【え:得体の知れない感情】11:03 2007/10/07
季節が大分秋めいてきた。
既に木の葉は赤く染まり始め、街路樹として植えられた銀杏は黄色い葉を散らしている。風は生温い夏の風は冷たさを伴うようになり、『冬』という季節を迎えるために着々と準備を進めている。

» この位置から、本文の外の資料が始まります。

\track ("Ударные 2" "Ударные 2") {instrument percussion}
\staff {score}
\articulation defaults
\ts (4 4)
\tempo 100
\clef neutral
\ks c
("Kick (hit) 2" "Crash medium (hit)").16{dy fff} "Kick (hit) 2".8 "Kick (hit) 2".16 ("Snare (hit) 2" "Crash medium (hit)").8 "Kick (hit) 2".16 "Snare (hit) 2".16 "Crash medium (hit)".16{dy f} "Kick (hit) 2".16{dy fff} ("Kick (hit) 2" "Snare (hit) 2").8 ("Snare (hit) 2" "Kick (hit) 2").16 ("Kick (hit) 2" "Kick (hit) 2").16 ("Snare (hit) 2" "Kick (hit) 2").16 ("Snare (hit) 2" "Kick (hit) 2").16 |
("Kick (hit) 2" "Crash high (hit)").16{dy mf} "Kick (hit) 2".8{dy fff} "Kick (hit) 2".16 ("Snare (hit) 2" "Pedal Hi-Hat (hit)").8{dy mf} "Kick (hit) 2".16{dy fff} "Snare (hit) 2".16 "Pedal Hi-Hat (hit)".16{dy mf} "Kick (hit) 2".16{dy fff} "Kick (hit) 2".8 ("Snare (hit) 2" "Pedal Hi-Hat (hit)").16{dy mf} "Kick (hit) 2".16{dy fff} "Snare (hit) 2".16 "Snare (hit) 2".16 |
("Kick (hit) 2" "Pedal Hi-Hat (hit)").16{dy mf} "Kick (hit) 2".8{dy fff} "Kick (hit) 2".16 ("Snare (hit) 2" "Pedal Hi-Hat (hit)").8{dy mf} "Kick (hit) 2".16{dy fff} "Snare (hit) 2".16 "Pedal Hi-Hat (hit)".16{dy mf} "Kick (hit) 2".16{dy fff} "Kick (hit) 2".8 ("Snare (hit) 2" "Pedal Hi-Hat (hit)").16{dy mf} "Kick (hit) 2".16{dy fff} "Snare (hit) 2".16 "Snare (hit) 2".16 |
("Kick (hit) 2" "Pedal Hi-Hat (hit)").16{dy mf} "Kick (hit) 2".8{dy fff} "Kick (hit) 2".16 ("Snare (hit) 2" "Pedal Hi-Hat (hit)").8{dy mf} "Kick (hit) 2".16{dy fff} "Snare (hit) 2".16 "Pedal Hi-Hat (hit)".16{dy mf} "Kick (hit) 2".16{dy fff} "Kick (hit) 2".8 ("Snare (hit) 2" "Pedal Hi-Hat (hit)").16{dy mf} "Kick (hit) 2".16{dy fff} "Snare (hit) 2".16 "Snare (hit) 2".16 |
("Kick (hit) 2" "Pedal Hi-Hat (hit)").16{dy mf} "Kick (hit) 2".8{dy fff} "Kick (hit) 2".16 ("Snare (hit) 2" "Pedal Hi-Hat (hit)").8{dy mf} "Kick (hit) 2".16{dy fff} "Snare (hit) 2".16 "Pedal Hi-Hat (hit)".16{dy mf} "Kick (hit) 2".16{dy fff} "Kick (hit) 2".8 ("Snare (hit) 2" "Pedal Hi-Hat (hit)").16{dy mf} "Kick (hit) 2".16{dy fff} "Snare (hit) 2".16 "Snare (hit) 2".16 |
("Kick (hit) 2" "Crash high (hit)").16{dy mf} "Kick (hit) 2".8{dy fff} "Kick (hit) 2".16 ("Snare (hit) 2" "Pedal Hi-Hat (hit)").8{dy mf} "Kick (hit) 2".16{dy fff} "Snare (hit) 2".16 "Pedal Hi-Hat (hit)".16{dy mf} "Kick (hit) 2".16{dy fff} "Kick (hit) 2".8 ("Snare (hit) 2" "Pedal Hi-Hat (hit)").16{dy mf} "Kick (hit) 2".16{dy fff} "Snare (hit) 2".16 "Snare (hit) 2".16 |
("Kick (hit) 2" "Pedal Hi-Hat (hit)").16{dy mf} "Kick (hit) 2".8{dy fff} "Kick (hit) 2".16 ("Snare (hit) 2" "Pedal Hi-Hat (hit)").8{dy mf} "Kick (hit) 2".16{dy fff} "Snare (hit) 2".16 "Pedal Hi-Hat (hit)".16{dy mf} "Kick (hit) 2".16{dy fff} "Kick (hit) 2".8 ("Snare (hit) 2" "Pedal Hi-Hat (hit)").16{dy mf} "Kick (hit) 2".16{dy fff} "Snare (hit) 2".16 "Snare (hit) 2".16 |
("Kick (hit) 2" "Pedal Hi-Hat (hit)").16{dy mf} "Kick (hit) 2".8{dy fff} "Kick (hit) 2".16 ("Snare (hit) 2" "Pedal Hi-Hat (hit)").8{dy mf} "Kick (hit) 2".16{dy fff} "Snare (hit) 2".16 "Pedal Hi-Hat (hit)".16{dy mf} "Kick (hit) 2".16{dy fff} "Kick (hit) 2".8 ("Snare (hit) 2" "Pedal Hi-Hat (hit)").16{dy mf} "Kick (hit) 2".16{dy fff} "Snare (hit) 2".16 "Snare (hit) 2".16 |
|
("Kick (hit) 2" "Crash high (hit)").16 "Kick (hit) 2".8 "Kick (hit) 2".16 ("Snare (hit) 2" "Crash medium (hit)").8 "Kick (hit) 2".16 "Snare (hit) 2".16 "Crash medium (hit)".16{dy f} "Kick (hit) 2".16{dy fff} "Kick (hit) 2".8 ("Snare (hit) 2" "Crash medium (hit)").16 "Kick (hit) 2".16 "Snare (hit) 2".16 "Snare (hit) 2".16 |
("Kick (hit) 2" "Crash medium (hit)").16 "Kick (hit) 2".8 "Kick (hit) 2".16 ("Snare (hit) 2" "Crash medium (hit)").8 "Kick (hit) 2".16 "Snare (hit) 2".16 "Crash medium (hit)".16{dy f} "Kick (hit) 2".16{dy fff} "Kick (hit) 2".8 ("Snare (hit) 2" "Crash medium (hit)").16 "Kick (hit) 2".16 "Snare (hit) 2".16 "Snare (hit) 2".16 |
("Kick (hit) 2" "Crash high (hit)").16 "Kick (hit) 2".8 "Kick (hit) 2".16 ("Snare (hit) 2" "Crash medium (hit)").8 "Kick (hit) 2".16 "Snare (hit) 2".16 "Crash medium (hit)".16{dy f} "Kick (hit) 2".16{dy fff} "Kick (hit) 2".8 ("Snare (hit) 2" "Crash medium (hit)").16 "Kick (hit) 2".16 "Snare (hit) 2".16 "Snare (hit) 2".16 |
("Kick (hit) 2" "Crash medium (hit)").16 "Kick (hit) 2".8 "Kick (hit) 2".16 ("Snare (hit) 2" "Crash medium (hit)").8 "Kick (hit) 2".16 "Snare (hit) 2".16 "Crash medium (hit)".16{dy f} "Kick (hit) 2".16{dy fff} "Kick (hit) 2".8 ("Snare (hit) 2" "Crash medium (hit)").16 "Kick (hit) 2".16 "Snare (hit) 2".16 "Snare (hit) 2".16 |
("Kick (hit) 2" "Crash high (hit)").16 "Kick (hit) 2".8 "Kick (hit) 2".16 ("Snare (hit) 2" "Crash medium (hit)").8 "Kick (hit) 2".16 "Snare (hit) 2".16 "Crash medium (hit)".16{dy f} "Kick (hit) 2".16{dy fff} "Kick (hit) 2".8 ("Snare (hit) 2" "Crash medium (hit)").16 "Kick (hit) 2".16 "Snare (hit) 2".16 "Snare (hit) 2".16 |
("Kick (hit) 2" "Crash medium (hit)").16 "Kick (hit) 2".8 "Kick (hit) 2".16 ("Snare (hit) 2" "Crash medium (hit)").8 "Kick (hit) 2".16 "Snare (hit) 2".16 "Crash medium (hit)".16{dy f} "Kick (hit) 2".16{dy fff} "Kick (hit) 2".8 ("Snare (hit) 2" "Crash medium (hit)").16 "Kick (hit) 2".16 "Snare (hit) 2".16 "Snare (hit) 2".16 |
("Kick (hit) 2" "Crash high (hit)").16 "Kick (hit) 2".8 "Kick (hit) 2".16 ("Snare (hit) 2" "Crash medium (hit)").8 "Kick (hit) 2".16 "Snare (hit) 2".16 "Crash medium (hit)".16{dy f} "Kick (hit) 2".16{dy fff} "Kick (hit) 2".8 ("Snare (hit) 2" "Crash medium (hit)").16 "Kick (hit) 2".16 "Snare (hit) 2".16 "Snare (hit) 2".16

暦では神々がその土地から居なくなってしまう月なのだと言う。
それと同時に人々の気もやはり忙しなくなり、この時期は妙に交通事故が多い。
「御剣」
ソファに座って雑誌をぱらぱら捲っていたはずの成歩堂がいつの間にか隣に立っていた。
両手にマグカップを携えて、片方をこちらに向けていた。
「飲むだろ?」
「ム」
予想に反して中身は香気高い紅茶が注がれており、私は微かに笑う。
「何だよ」
「いや、キミらしいと思ってな」
ティーカップもあるのにマグカップで事を済ませてしまうあたりが成歩堂らしい。普段から大雑把だから仕方ないことなのだろう。
「いらないならあげないよ」
「戴こう」
私は成歩堂からマグカップを受け取り、そっと縁に口付ける。
ふわりと湯気は顔に当たり、カップ越しの温もりは手を温めていく。
「美味い、がまだまだ修業が足りん」
「僕がオマエみたいにいちいちティースプーンで何杯とかって計ると思う?」
「思わんな」
「じゃあ少しは妥協してよ」
困ったように笑う彼の顔を見ながら私も笑う。
手にしたカップの水面がゆらりと揺れた。
ああ、この感情は何と呼べばいいのだろう。
幸せというにはあまりに使い古された言葉だし、かと言って他に思いつくような言葉は無い。
「黙って僕に寄り添っとけよ」
そっと笑う姿に素直に従って、空いた片手を彼の手に絡める。ガラス越しの外気は随分冷え込んでいるようで、当てていた手はすっかり冷たくなっていた。
「冷たいね」
「そうだな」
「暖まるようなことでもしよっか」
「キミの頭はソレしかないのか?」
「じゃあ如何いたしますか、天才検事様?」
「まずはその減らず口を塞ぎたまえよ、シロウト弁護士クン」
「では僭越ながら」
ゆっくりと近づいてきた成歩堂の唇を己のソレで迎えながら。
唇越しに伝わる熱に、私はゆっくりと溺れていった。
※秋のお話。いや、寒いのよ。さすが寒冷地。手当てが出るはずだと納得しつつ。人肌恋しい季節です。がっつり抱きついても誰も咎めません。良い季節です。一番ほのぼのと出来る季節です。